(About this task): Copy out each line in the material below that has the word "Floor".

(Task inputs):
++++++++++
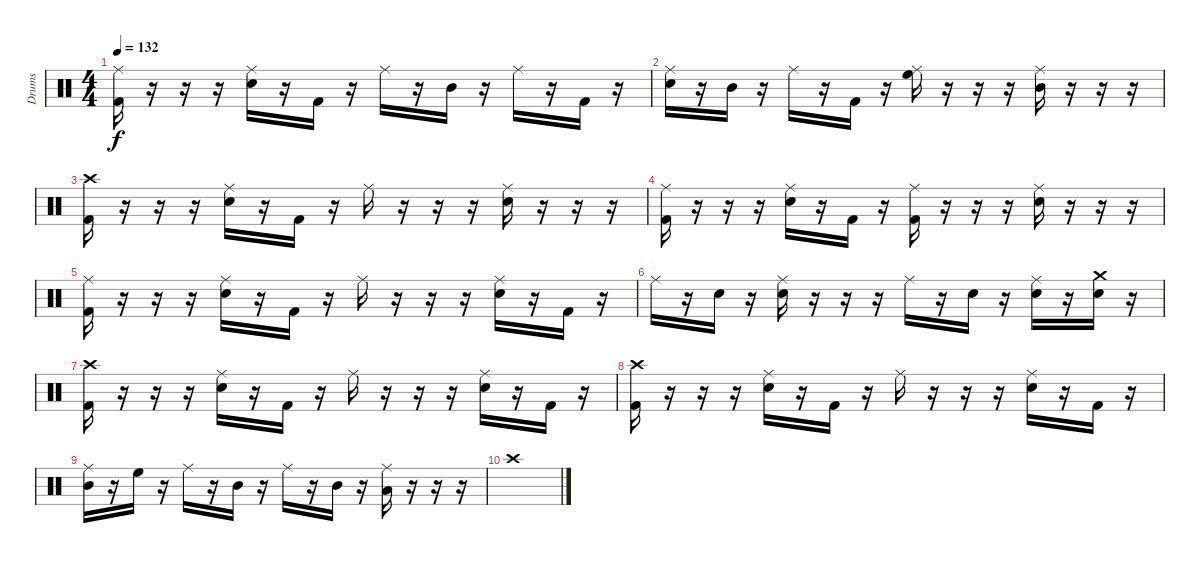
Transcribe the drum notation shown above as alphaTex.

\track ("Drums" "Drums") {instrument percussion}
\staff {score}
\articulation defaults
\ts (4 4)
\tempo 132
\clef neutral
\ks c
("Ride (middle)" "Kick (hit) 2").16{dy f} r.16 r.16 r.16 ("Ride (middle)" "Snare (hit) 2").16 r.16 "Kick (hit) 2".16 r.16 "Ride (middle)".16 r.16 "Mid Tom (hit)".16 r.16 "Ride (middle)".16 r.16 "Kick (hit) 2".16 r.16 |
("Ride (middle)" "Snare (hit) 2").16 r.16 "Mid Tom (hit)".16 r.16 "Ride (middle)".16 r.16 "Kick (hit) 2".16 r.16 ("Ride (middle)" "High Floor Tom (hit)").16 r.16 r.16 r.16 ("Ride (middle)" "Mid Tom (hit)").16 r.16 r.16 r.16 |
("Crash high (hit)" "Kick (hit) 2").16 r.16 r.16 r.16 ("Ride (middle)" "Snare (hit) 2").16 r.16 "Kick (hit) 2".16 r.16 "Ride (middle)".16 r.16 r.16 r.16 ("Ride (middle)" "Snare (hit) 2").16 r.16 r.16 r.16 |
("Ride (middle)" "Kick (hit) 2").16 r.16 r.16 r.16 ("Ride (middle)" "Snare (hit) 2").16 r.16 "Kick (hit) 2".16 r.16 ("Ride (middle)" "Kick (hit) 2").16 r.16 r.16 r.16 ("Ride (middle)" "Snare (hit) 2").16 r.16 r.16 r.16 |
("Ride (middle)" "Kick (hit) 2").16 r.16 r.16 r.16 ("Ride (middle)" "Snare (hit) 2").16 r.16 "Kick (hit) 2".16 r.16 "Ride (middle)".16 r.16 r.16 r.16 ("Ride (middle)" "Snare (hit) 2").16 r.16 "Kick (hit) 2".16 r.16 |
"Ride (middle)".16 r.16 "Snare (hit) 2".16 r.16 ("Ride (middle)" "Snare (hit) 2").16 r.16 r.16 r.16 "Ride (middle)".16 r.16 "Snare (hit) 2".16 r.16 ("Ride (middle)" "Snare (hit) 2").16 r.16 ("Crash medium (hit)" "Snare (hit) 2").16 r.16 |
("Crash high (hit)" "Kick (hit) 2").16 r.16 r.16 r.16 ("Ride (middle)" "Snare (hit) 2").16 r.16 "Kick (hit) 2".16 r.16 "Ride (middle)".16 r.16 r.16 r.16 ("Ride (middle)" "Snare (hit) 2").16 r.16 "Kick (hit) 2".16 r.16 |
("Crash high (hit)" "Kick (hit) 2").16 r.16 r.16 r.16 ("Ride (middle)" "Snare (hit) 2").16 r.16 "Kick (hit) 2".16 r.16 "Ride (middle)".16 r.16 r.16 r.16 ("Ride (middle)" "Snare (hit) 2").16 r.16 "Kick (hit) 2".16 r.16 |
("Ride (middle)" "Mid Tom (hit)").16 r.16 "High Floor Tom (hit)".16 r.16 "Ride (middle)".16 r.16 "Mid Tom (hit)".16 r.16 "Ride (middle)".16 r.16 "Mid Tom (hit)".16 r.16 ("Ride (middle)" "Low Tom (hit)").16 r.16 r.16 r.16 |
"Crash high (hit)".1
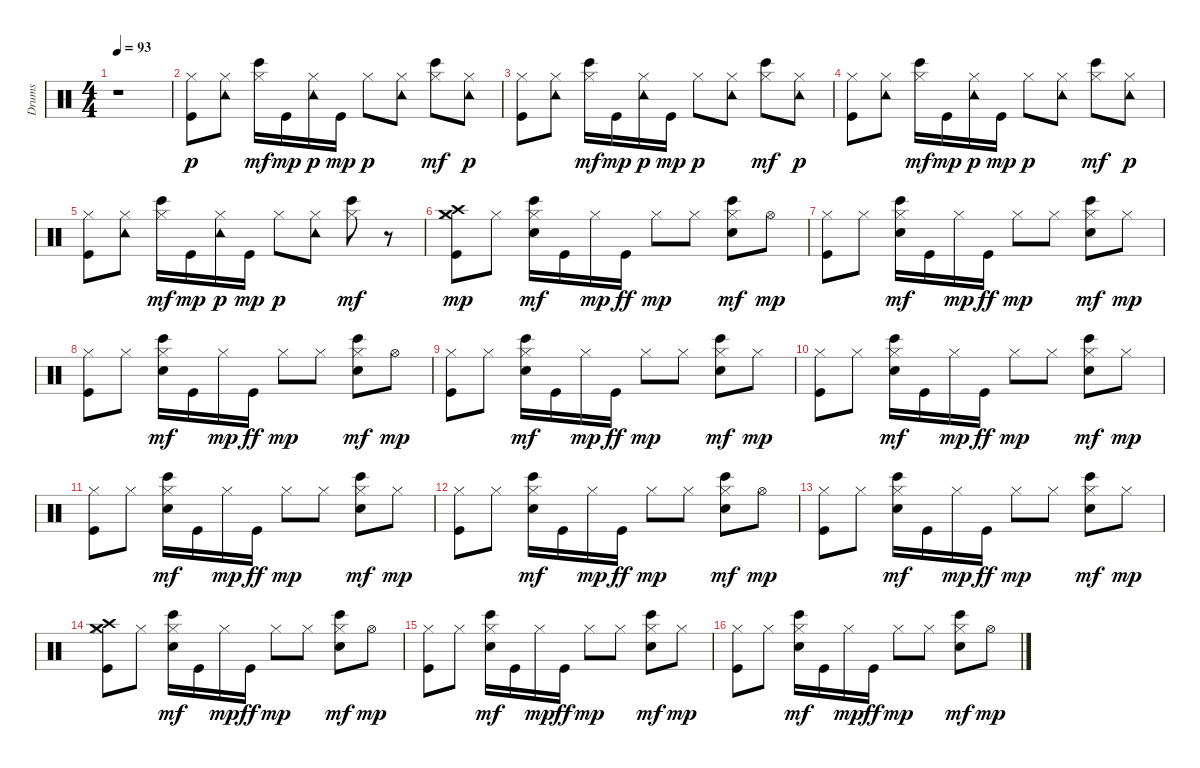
\track ("Drums" "Drums") {instrument percussion}
\staff {score}
\articulation defaults
\ts (4 4)
\tempo 93
\clef neutral
\ks c
r.1{dy p} |
("Kick (hit)" "Hi-Hat (closed)").8 ("Hi-Hat (closed)" "Tambourine (hit)").8 ("Hi-Hat (closed)" "Bongo High (hit)").16{dy mf} "Kick (hit)".16{dy mp} ("Hi-Hat (closed)" "Tambourine (hit)").16{dy p} "Kick (hit)".16{dy mp} "Hi-Hat (closed)".8{dy p} ("Hi-Hat (closed)" "Tambourine (hit)").8 ("Hi-Hat (closed)" "Bongo High (hit)").8{dy mf} ("Hi-Hat (closed)" "Tambourine (hit)").8{dy p} |
("Kick (hit)" "Hi-Hat (closed)").8 ("Hi-Hat (closed)" "Tambourine (hit)").8 ("Hi-Hat (closed)" "Bongo High (hit)").16{dy mf} "Kick (hit)".16{dy mp} ("Hi-Hat (closed)" "Tambourine (hit)").16{dy p} "Kick (hit)".16{dy mp} "Hi-Hat (closed)".8{dy p} ("Hi-Hat (closed)" "Tambourine (hit)").8 ("Hi-Hat (closed)" "Bongo High (hit)").8{dy mf} ("Hi-Hat (closed)" "Tambourine (hit)").8{dy p} |
("Kick (hit)" "Hi-Hat (closed)").8 ("Hi-Hat (closed)" "Tambourine (hit)").8 ("Hi-Hat (closed)" "Bongo High (hit)").16{dy mf} "Kick (hit)".16{dy mp} ("Hi-Hat (closed)" "Tambourine (hit)").16{dy p} "Kick (hit)".16{dy mp} "Hi-Hat (closed)".8{dy p} ("Hi-Hat (closed)" "Tambourine (hit)").8 ("Hi-Hat (closed)" "Bongo High (hit)").8{dy mf} ("Hi-Hat (closed)" "Tambourine (hit)").8{dy p} |
("Kick (hit)" "Hi-Hat (closed)").8 ("Hi-Hat (closed)" "Tambourine (hit)").8 ("Hi-Hat (closed)" "Bongo High (hit)").16{dy mf} "Kick (hit)".16{dy mp} ("Hi-Hat (closed)" "Tambourine (hit)").16{dy p} "Kick (hit)".16{dy mp} "Hi-Hat (closed)".8{dy p} ("Hi-Hat (closed)" "Tambourine (hit)").8 ("Hi-Hat (closed)" "Bongo High (hit)").8{dy mf} r.8 |
("Crash high (hit)" "Crash medium (hit)" "Kick (hit)" "Hi-Hat (closed)").8{dy mp} "Hi-Hat (closed)".8 ("Hi-Hat (closed)" "Electric Snare (hit)" "Bongo High (hit)").16{dy mf} "Kick (hit)".16 "Hi-Hat (closed)".16{dy mp} "Kick (hit)".16{dy ff} "Hi-Hat (closed)".8{dy mp} "Hi-Hat (closed)".8 ("Hi-Hat (closed)" "Electric Snare (hit)" "Bongo High (hit)").8{dy mf} "Hi-Hat (open)".8{dy mp} |
("Kick (hit)" "Hi-Hat (closed)").8 "Hi-Hat (closed)".8 ("Hi-Hat (closed)" "Electric Snare (hit)" "Bongo High (hit)").16{dy mf} "Kick (hit)".16 "Hi-Hat (closed)".16{dy mp} "Kick (hit)".16{dy ff} "Hi-Hat (closed)".8{dy mp} "Hi-Hat (closed)".8 ("Hi-Hat (closed)" "Electric Snare (hit)" "Bongo High (hit)").8{dy mf} "Hi-Hat (closed)".8{dy mp} |
("Kick (hit)" "Hi-Hat (closed)").8 "Hi-Hat (closed)".8 ("Hi-Hat (closed)" "Electric Snare (hit)" "Bongo High (hit)").16{dy mf} "Kick (hit)".16 "Hi-Hat (closed)".16{dy mp} "Kick (hit)".16{dy ff} "Hi-Hat (closed)".8{dy mp} "Hi-Hat (closed)".8 ("Hi-Hat (closed)" "Electric Snare (hit)" "Bongo High (hit)").8{dy mf} "Hi-Hat (open)".8{dy mp} |
("Kick (hit)" "Hi-Hat (closed)").8 "Hi-Hat (closed)".8 ("Hi-Hat (closed)" "Electric Snare (hit)" "Bongo High (hit)").16{dy mf} "Kick (hit)".16 "Hi-Hat (closed)".16{dy mp} "Kick (hit)".16{dy ff} "Hi-Hat (closed)".8{dy mp} "Hi-Hat (closed)".8 ("Hi-Hat (closed)" "Electric Snare (hit)" "Bongo High (hit)").8{dy mf} "Hi-Hat (closed)".8{dy mp} |
("Kick (hit)" "Hi-Hat (closed)").8 "Hi-Hat (closed)".8 ("Hi-Hat (closed)" "Electric Snare (hit)" "Bongo High (hit)").16{dy mf} "Kick (hit)".16 "Hi-Hat (closed)".16{dy mp} "Kick (hit)".16{dy ff} "Hi-Hat (closed)".8{dy mp} "Hi-Hat (closed)".8 ("Hi-Hat (closed)" "Electric Snare (hit)" "Bongo High (hit)").8{dy mf} "Hi-Hat (closed)".8{dy mp} |
("Kick (hit)" "Hi-Hat (closed)").8 "Hi-Hat (closed)".8 ("Hi-Hat (closed)" "Electric Snare (hit)" "Bongo High (hit)").16{dy mf} "Kick (hit)".16 "Hi-Hat (closed)".16{dy mp} "Kick (hit)".16{dy ff} "Hi-Hat (closed)".8{dy mp} "Hi-Hat (closed)".8 ("Hi-Hat (closed)" "Electric Snare (hit)" "Bongo High (hit)").8{dy mf} "Hi-Hat (closed)".8{dy mp} |
("Kick (hit)" "Hi-Hat (closed)").8 "Hi-Hat (closed)".8 ("Hi-Hat (closed)" "Electric Snare (hit)" "Bongo High (hit)").16{dy mf} "Kick (hit)".16 "Hi-Hat (closed)".16{dy mp} "Kick (hit)".16{dy ff} "Hi-Hat (closed)".8{dy mp} "Hi-Hat (closed)".8 ("Hi-Hat (closed)" "Electric Snare (hit)" "Bongo High (hit)").8{dy mf} "Hi-Hat (open)".8{dy mp} |
("Kick (hit)" "Hi-Hat (closed)").8 "Hi-Hat (closed)".8 ("Hi-Hat (closed)" "Electric Snare (hit)" "Bongo High (hit)").16{dy mf} "Kick (hit)".16 "Hi-Hat (closed)".16{dy mp} "Kick (hit)".16{dy ff} "Hi-Hat (closed)".8{dy mp} "Hi-Hat (closed)".8 ("Hi-Hat (closed)" "Electric Snare (hit)" "Bongo High (hit)").8{dy mf} "Hi-Hat (closed)".8{dy mp} |
("Crash high (hit)" "Crash medium (hit)" "Kick (hit)" "Hi-Hat (closed)").8 "Hi-Hat (closed)".8 ("Hi-Hat (closed)" "Electric Snare (hit)" "Bongo High (hit)").16{dy mf} "Kick (hit)".16 "Hi-Hat (closed)".16{dy mp} "Kick (hit)".16{dy ff} "Hi-Hat (closed)".8{dy mp} "Hi-Hat (closed)".8 ("Hi-Hat (closed)" "Electric Snare (hit)" "Bongo High (hit)").8{dy mf} "Hi-Hat (open)".8{dy mp} |
("Kick (hit)" "Hi-Hat (closed)").8 "Hi-Hat (closed)".8 ("Hi-Hat (closed)" "Electric Snare (hit)" "Bongo High (hit)").16{dy mf} "Kick (hit)".16 "Hi-Hat (closed)".16{dy mp} "Kick (hit)".16{dy ff} "Hi-Hat (closed)".8{dy mp} "Hi-Hat (closed)".8 ("Hi-Hat (closed)" "Electric Snare (hit)" "Bongo High (hit)").8{dy mf} "Hi-Hat (closed)".8{dy mp} |
("Kick (hit)" "Hi-Hat (closed)").8 "Hi-Hat (closed)".8 ("Hi-Hat (closed)" "Electric Snare (hit)" "Bongo High (hit)").16{dy mf} "Kick (hit)".16 "Hi-Hat (closed)".16{dy mp} "Kick (hit)".16{dy ff} "Hi-Hat (closed)".8{dy mp} "Hi-Hat (closed)".8 ("Hi-Hat (closed)" "Electric Snare (hit)" "Bongo High (hit)").8{dy mf} "Hi-Hat (open)".8{dy mp}
++++++++++
(Task solution):
("Ride (middle)" "Snare (hit) 2").16 r.16 "Mid Tom (hit)".16 r.16 "Ride (middle)".16 r.16 "Kick (hit) 2".16 r.16 ("Ride (middle)" "High Floor Tom (hit)").16 r.16 r.16 r.16 ("Ride (middle)" "Mid Tom (hit)").16 r.16 r.16 r.16 |
("Ride (middle)" "Mid Tom (hit)").16 r.16 "High Floor Tom (hit)".16 r.16 "Ride (middle)".16 r.16 "Mid Tom (hit)".16 r.16 "Ride (middle)".16 r.16 "Mid Tom (hit)".16 r.16 ("Ride (middle)" "Low Tom (hit)").16 r.16 r.16 r.16 |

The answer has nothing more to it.